All told, this whole dinner took me about 45 minutes to make. Not a bad way to end a day on the water, eh?
Grilled Trout or Kokanee
- 4 small trout, or 8 trout if you are big eaters, gutted and gilled
- Roasted pumpkinseed oil or some other nice vegetable oil to coat fish
- 2 cups rye flour
- 1 egg
- 1 cup buttermilk
- 1 teaspoon salt
- Some sunflower or other oil to coat dumplings
- 1 pound various chopped greens (I used lamb's quarters)
- 3 tablespoons sunflower oil or some other vegetable oil or butter
- Salt and black pepper
- Malt vinegar or lemon to taste
- If you are going to make the spaetzle, do them first. Mix all the ingredients together in a bowl.

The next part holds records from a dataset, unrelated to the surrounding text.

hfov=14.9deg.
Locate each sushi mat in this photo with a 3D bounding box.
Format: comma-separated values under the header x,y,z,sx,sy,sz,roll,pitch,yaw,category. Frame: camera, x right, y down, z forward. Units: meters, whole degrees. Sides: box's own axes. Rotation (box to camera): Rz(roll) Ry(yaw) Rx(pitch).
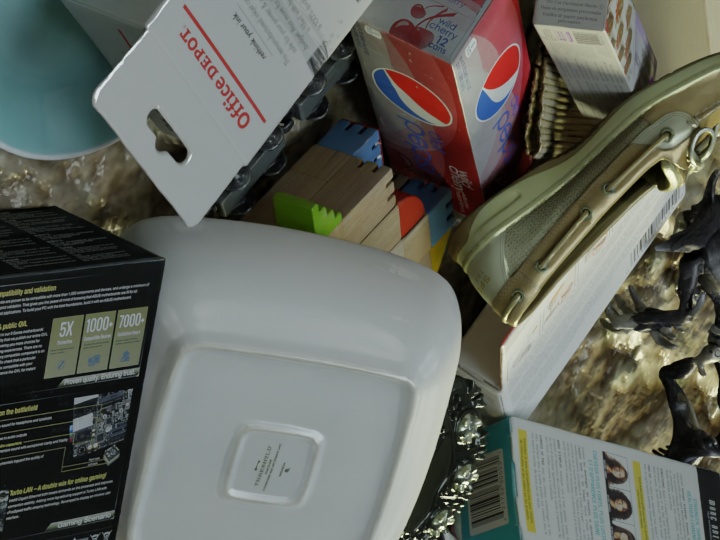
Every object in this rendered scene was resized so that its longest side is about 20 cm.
x,y,z,sx,sy,sz,roll,pitch,yaw,category
0.121,-0.110,1.570,0.200,0.012,0.096,-7,107,-76,sushi mat

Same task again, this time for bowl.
x,y,z,sx,sy,sz,roll,pitch,yaw,category
-0.051,0.081,1.410,0.199,0.075,0.200,10,114,-18,bowl

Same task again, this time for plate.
x,y,z,sx,sy,sz,roll,pitch,yaw,category
-0.136,-0.151,1.318,0.200,0.026,0.201,-25,126,-40,plate

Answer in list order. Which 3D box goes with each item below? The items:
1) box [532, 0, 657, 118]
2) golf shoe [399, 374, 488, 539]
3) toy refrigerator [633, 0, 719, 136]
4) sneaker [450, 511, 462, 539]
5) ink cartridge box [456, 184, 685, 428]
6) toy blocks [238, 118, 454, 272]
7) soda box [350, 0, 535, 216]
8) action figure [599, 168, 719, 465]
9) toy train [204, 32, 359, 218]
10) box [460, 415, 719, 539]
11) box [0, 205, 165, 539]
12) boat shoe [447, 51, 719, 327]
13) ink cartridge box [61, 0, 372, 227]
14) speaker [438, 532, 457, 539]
x,y,z,sx,sy,sz,roll,pitch,yaw,category
0.127,-0.122,1.475,0.200,0.041,0.039,40,59,-73,box
0.002,0.137,1.556,0.077,0.088,0.200,2,118,-48,golf shoe
0.190,-0.187,1.641,0.076,0.070,0.200,-49,139,-41,toy refrigerator
0.135,0.174,1.755,0.080,0.086,0.200,-61,141,-9,sneaker
0.124,-0.012,1.632,0.200,0.045,0.176,-54,163,-15,ink cartridge box
0.000,0.000,1.513,0.137,0.100,0.200,-48,143,-38,toy blocks
0.049,-0.101,1.477,0.063,0.070,0.200,-57,161,-16,soda box
0.215,0.026,1.763,0.119,0.102,0.200,-10,107,-39,action figure
-0.032,-0.105,1.447,0.200,0.046,0.034,-53,159,-21,toy train
0.145,0.151,1.689,0.200,0.049,0.082,18,59,-42,box
-0.204,0.064,1.301,0.200,0.086,0.164,-8,115,-48,box
0.144,-0.047,1.510,0.200,0.063,0.073,-33,164,-10,boat shoe
-0.067,-0.135,1.332,0.200,0.068,0.116,-53,140,-16,ink cartridge box
0.057,0.220,1.693,0.081,0.081,0.200,-56,141,-12,speaker

Bring a large pot of water to a boil and salt it well. Fill the spätzle maker with the batter, which will be goopy and sticky, and run it over the boiling water. Do this is batches, skimming off the spaetzle as they float to the top. Put the finished spaetzle onto a baking sheet and coat with a little oil. Set them aside.

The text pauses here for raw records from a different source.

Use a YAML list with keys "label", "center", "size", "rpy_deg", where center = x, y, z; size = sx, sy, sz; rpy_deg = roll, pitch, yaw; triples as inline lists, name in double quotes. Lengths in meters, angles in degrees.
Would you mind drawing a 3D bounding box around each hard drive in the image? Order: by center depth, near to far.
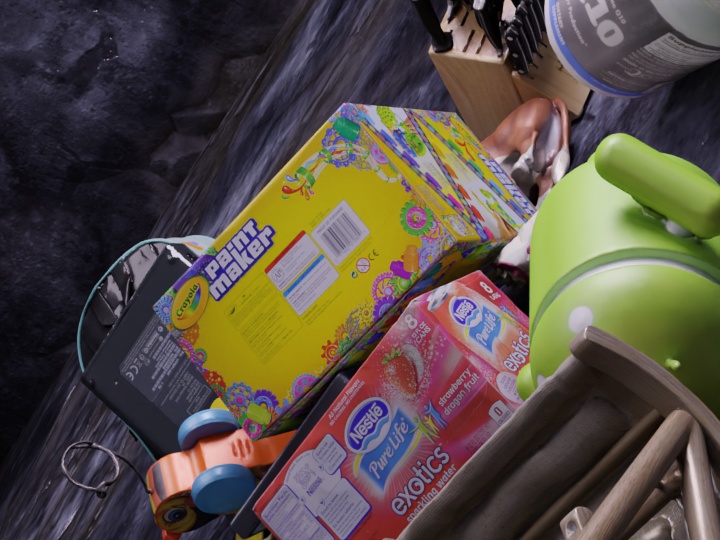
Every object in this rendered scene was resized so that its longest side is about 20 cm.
- label: "hard drive"
  center: [-0.111, 0.094, 1.466]
  size: [0.140, 0.200, 0.033]
  rpy_deg: [-55, -19, 14]

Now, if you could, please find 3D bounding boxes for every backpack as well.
- label: "backpack"
  center: [-0.131, 0.068, 1.572]
  size: [0.176, 0.200, 0.153]
  rpy_deg: [-53, -10, 23]

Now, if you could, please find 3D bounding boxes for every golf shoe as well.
- label: "golf shoe"
  center: [0.145, -0.025, 1.171]
  size: [0.092, 0.075, 0.200]
  rpy_deg: [-59, 13, -9]

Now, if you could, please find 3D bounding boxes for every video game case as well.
- label: "video game case"
  center: [0.002, 0.111, 1.313]
  size: [0.143, 0.019, 0.200]
  rpy_deg: [-55, -18, 24]

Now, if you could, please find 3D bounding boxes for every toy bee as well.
- label: "toy bee"
  center: [-0.116, 0.152, 1.389]
  size: [0.109, 0.198, 0.132]
  rpy_deg: [103, 176, -49]

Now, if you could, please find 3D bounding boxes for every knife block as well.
- label: "knife block"
  center: [0.092, -0.175, 1.466]
  size: [0.064, 0.175, 0.200]
  rpy_deg: [-64, 13, -21]

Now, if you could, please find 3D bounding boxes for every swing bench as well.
- label: "swing bench"
  center: [0.085, 0.171, 0.860]
  size: [0.199, 0.129, 0.201]
  rpy_deg: [-51, 10, 38]

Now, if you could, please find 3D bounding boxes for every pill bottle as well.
- label: "pill bottle"
  center: [0.206, -0.186, 1.188]
  size: [0.114, 0.113, 0.200]
  rpy_deg: [-64, 13, -17]

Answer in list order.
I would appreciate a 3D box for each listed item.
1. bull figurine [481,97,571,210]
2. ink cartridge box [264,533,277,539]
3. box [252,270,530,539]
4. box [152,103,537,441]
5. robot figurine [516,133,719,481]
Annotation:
- label: "bull figurine"
  center: [0.093, -0.046, 1.432]
  size: [0.200, 0.065, 0.122]
  rpy_deg: [-54, 16, 31]
- label: "ink cartridge box"
  center: [-0.051, 0.193, 1.519]
  size: [0.200, 0.047, 0.199]
  rpy_deg: [-32, 31, 61]
- label: "box"
  center: [0.035, 0.109, 1.173]
  size: [0.200, 0.100, 0.095]
  rpy_deg: [-54, -16, 30]
- label: "box"
  center: [0.000, 0.000, 1.290]
  size: [0.200, 0.122, 0.192]
  rpy_deg: [-45, -16, 20]
- label: "robot figurine"
  center: [0.145, 0.017, 0.974]
  size: [0.201, 0.115, 0.176]
  rpy_deg: [-82, 8, -54]

- To grill the trout, coat them in oil and salt them well. Set them out at room temperature for 20 minutes, while you make the fire for the grill. Make very sure of two things: 1), that your grill grates are spotlessly clean -- foods stick to gunk on the grill, not the grill itself; and 2) that the grill grates are very hot. Right before you put the trout on the grill, wad up a piece of paper towel and, using tongs, wipe down the grill grates. Put the trout on the grill.
- Let the trout cook until they are nicely browned, even charred a little bit. How long? At least 5 minutes, and maybe up to 10, depending on how hot your grill is. As they cook, paint them with the roasted pumpkinseed oil, or some other good oil you like. Use a metal spatula -- I highly recommend using a fish spatula because they are very thin and flexible -- and test to see if the fish comes away easily from the grill. It will when it's ready. If it still wants to stick, let it cook a little longer. When you are ready to turn the fish, slip the spatula under the fish and, using your other hand to steady it, flip the trout. Do this only once. Grill on the other side until the trout comes away from the grill easily, again, about 5 to 10 minutes.
- When you flip the trout, start the greens in a large saute pan set over high heat. Add the chopped greens and saute for a minute or two, until they wilt. Add the spätzle and stir-fry them for a couple minutes. Turn off the heat and sprinkle salt and black pepper over them.
- To serve, put some of the greens and spätzle on everyone's plate, then a trout. Drizzle a little of the roasted pumpkinseed oil over everything, then splash everything with a little freshly squeezed lemon or malt vinegar.